What is needed: The entries below hold a line with "series: L'Estampe Moderne" and a line with "inscription: In plate, lower". Return those lines and all that lie between them, exactly and only.

Given entries:
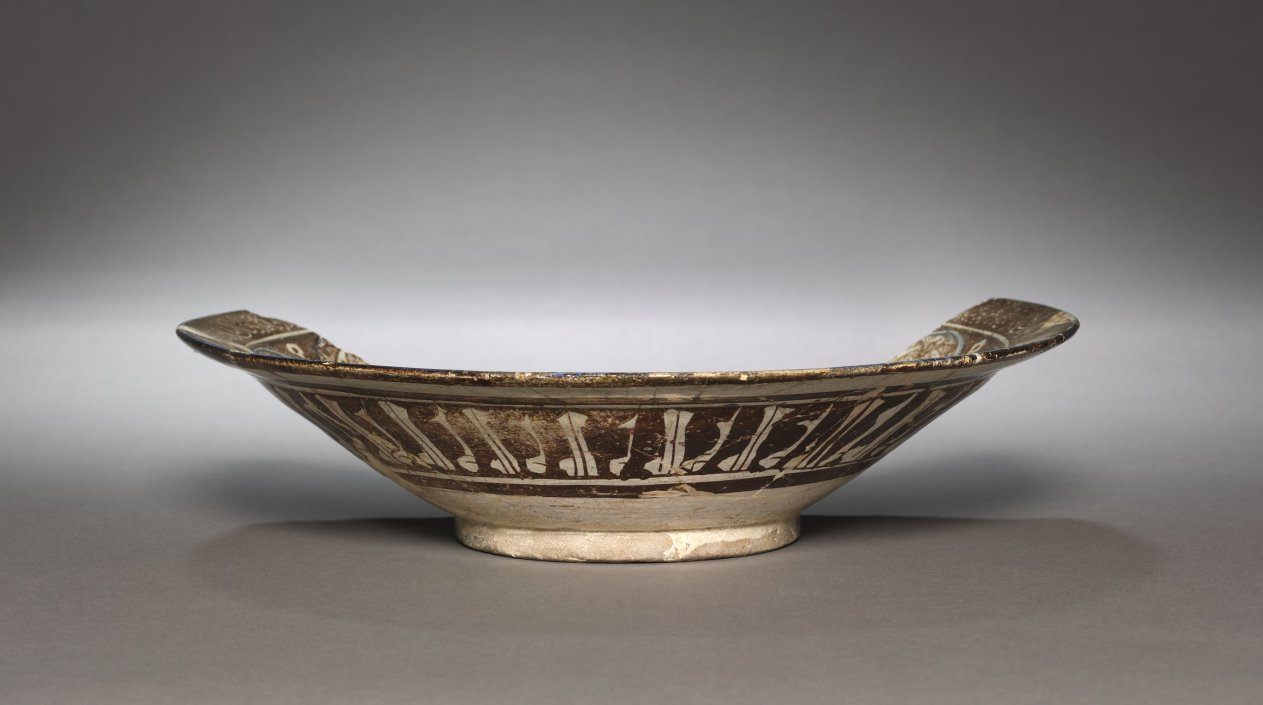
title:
* * *
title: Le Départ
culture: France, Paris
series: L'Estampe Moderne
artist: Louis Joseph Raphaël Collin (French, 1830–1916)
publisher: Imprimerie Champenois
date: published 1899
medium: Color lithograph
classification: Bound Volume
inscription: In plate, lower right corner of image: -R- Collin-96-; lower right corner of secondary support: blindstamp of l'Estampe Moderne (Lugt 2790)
==
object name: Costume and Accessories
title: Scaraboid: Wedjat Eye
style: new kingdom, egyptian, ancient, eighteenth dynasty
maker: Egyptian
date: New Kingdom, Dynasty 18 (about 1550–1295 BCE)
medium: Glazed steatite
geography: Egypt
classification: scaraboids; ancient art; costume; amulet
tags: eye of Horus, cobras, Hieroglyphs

Task result:
series: L'Estampe Moderne
artist: Louis Joseph Raphaël Collin (French, 1830–1916)
publisher: Imprimerie Champenois
date: published 1899
medium: Color lithograph
classification: Bound Volume
inscription: In plate, lower right corner of image: -R- Collin-96-; lower right corner of secondary support: blindstamp of l'Estampe Moderne (Lugt 2790)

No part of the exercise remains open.